A constitutional crisis emerged in Bangladesh on 5 August 2024, after the prime minister, Sheikh Hasina, resigned and exile to India as protesters stormed her residence and office in Dhaka during a Non-cooperation movement (2024). Hasina's flight to India triggered the constitutional crisis because the existing constitution had no provisions for an interim government or any other form of government in the event that the prime minister resigns and the parliament is dissolved. Although Article 123 of the constitution mandated general elections within 90 days following the dissolution of parliament, no clear guidelines existed for the powers and structure of an interim government.

Several days after Hasina's departure, her son, Sajeeb Wazed, claimed she remained the incumbent prime minister of Bangladesh, as she had not signed a resignation letter.

My mother never officially resigned. She didn’t get the time.... As far as the constitution goes, she is still the prime minister.
— – Sajeeb Wazed to Reuters

Three days after her flight, an interim government was formed, with Muhammad Yunus sworn in as chief adviser. Following the oath-taking of the interim government, formed a Constitutional Reform Commission and National Consensus Commission to prepare a roadmap for the next general election and constitutional referendum on the July Charter alongside the election.

==Reactions==
In October 2024, during a conversation with Manab Zamin's Chief Editor, Matiur Rahman Chowdhury, the President Mohammed Shahabuddin, quoted that,

"I tried to collect the resignation letter many times but failed. Maybe she did not get the time. When things came under control, one day the cabinet secretary came to collect the copy of the resignation letter. I told him that I too am looking for it."
 Citing concerns over the resignation of Sheikh Hasina as Prime Minister, and the legality of the interim government as per the existing constitution.

Following the remarks, protests erupted across the country calling for his resignation as the president. Adviser for Law, Justice and Parliamentary Affairs, Asif Nazrul stated that,

"The president's statement that he did not receive Sheikh Hasina's resignation letter is a lie, and it is a violation of his oath."

The Chief Adviser's Deputy Press Secretary, Apurba Jahangir, during a press briefing at the Foreign Service Academy agreed with Law advisers views and quoted,

"The government also agrees that by lying about the letter, the president has violated his oath"

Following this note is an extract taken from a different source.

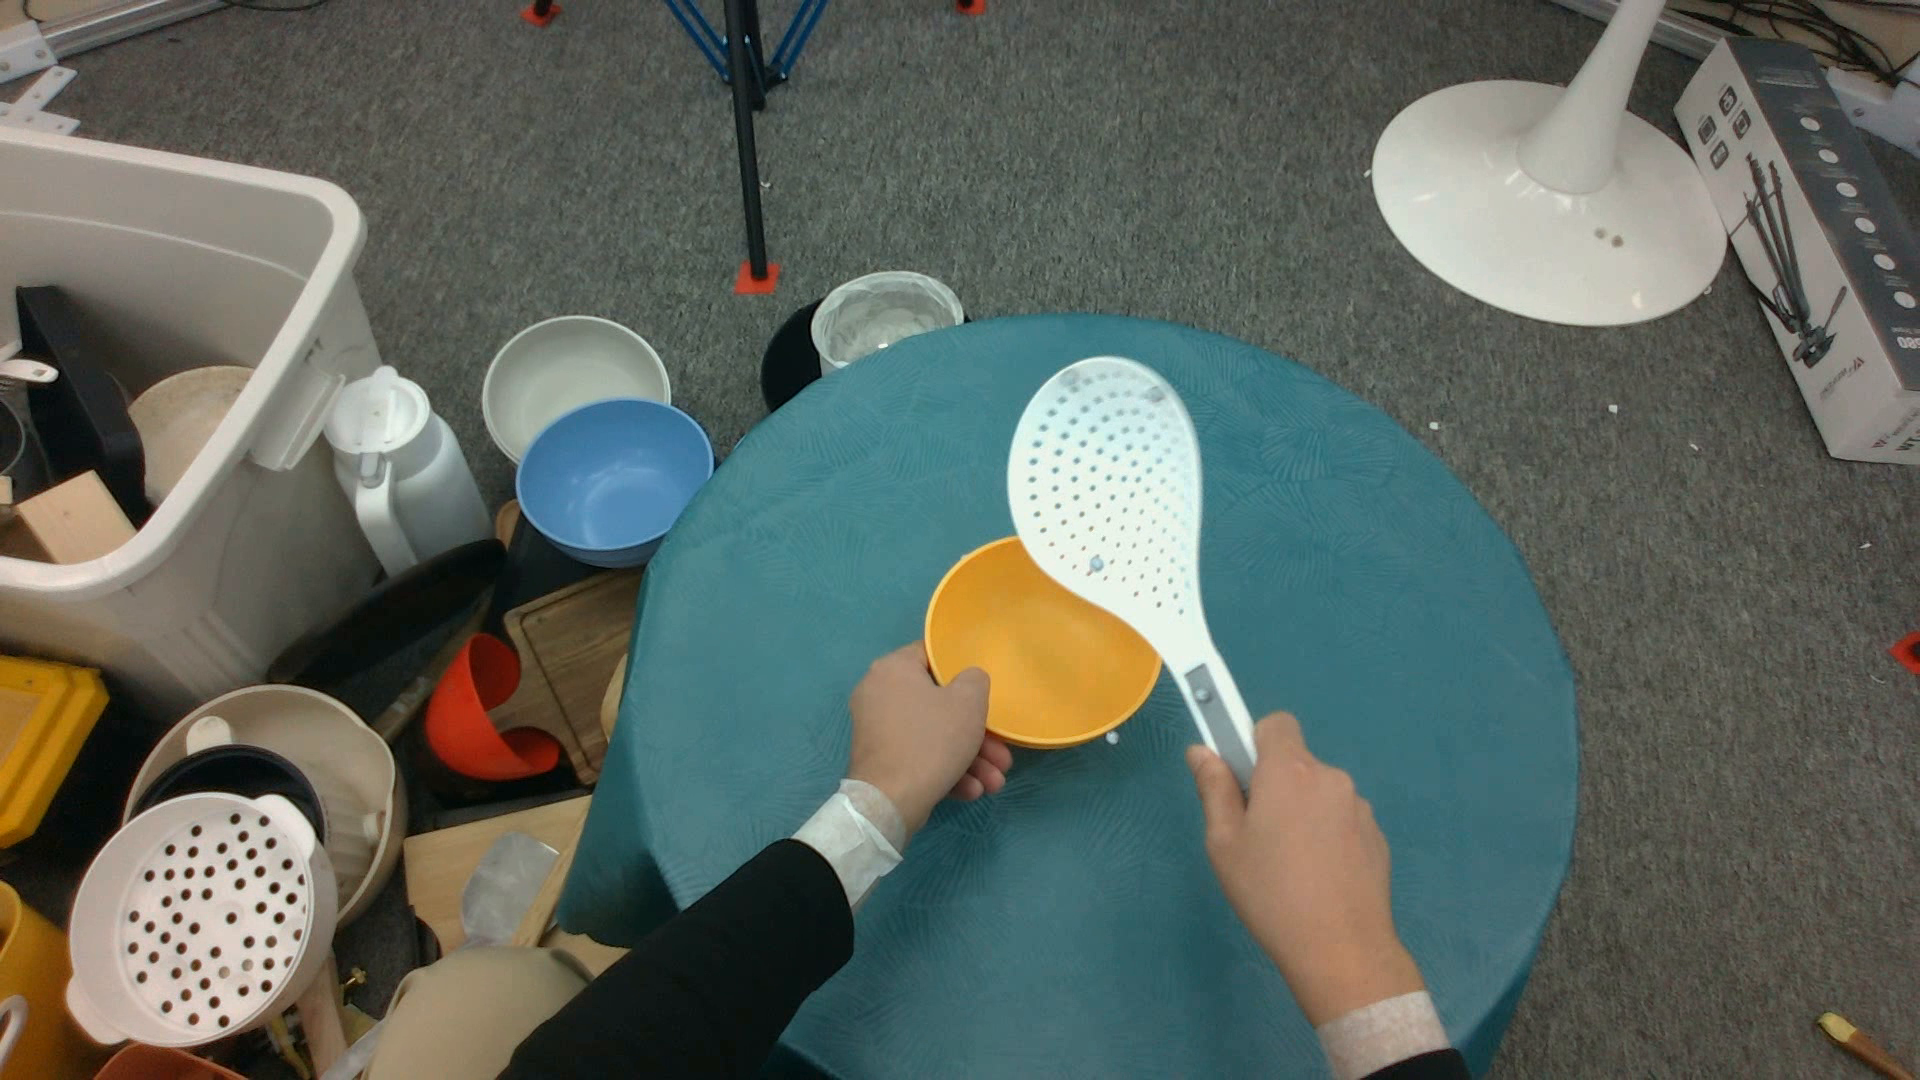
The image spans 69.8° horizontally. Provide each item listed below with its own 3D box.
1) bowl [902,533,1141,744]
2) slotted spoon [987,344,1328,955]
[{"bbox_3d":[0.036,0.070,0.847,0.145,0.060,0.146,1,54,-2],"label":"bowl"},{"bbox_3d":[0.110,0.050,0.743,0.046,0.135,0.350,9,53,-45],"label":"slotted spoon"}]

Asif Mahmud, Adviser for Youth and Sports and Labor and Employment, posted on Facebook stating,

"Prime Minister Sheikh Hasina had verbally communicated her resignation to the President". While she was initially expected to deliver a formal resignation letter at Bangabhaban, the approach of protesters near Ganabhaban reportedly necessitated her departure from the location."
 He questioned the implications of the resignation occurring under these circumstances.

During a roundtable discussion organized by Islami Andolan Bangladesh in Segunbagicha, Sarjis Alam, one of the coordinator of Students Against Discrimination quoted,

"If a person like President Mohammed Shahabuddin says that he does not have the documents of Sheikh Hasina's resignation, then it will be up to the student community to decide what action should be taken against him."

Another coordinator, Hasnat Abdullah, also posted on social media stating,

"Awami League as a party should face justice, a new constitution should be written, corrupt Awami bureaucrats should be sacked, all illegal agreements made during Hasina's tenure should be cancelled, and Chuppu (President) should be removed from the post of president immediately."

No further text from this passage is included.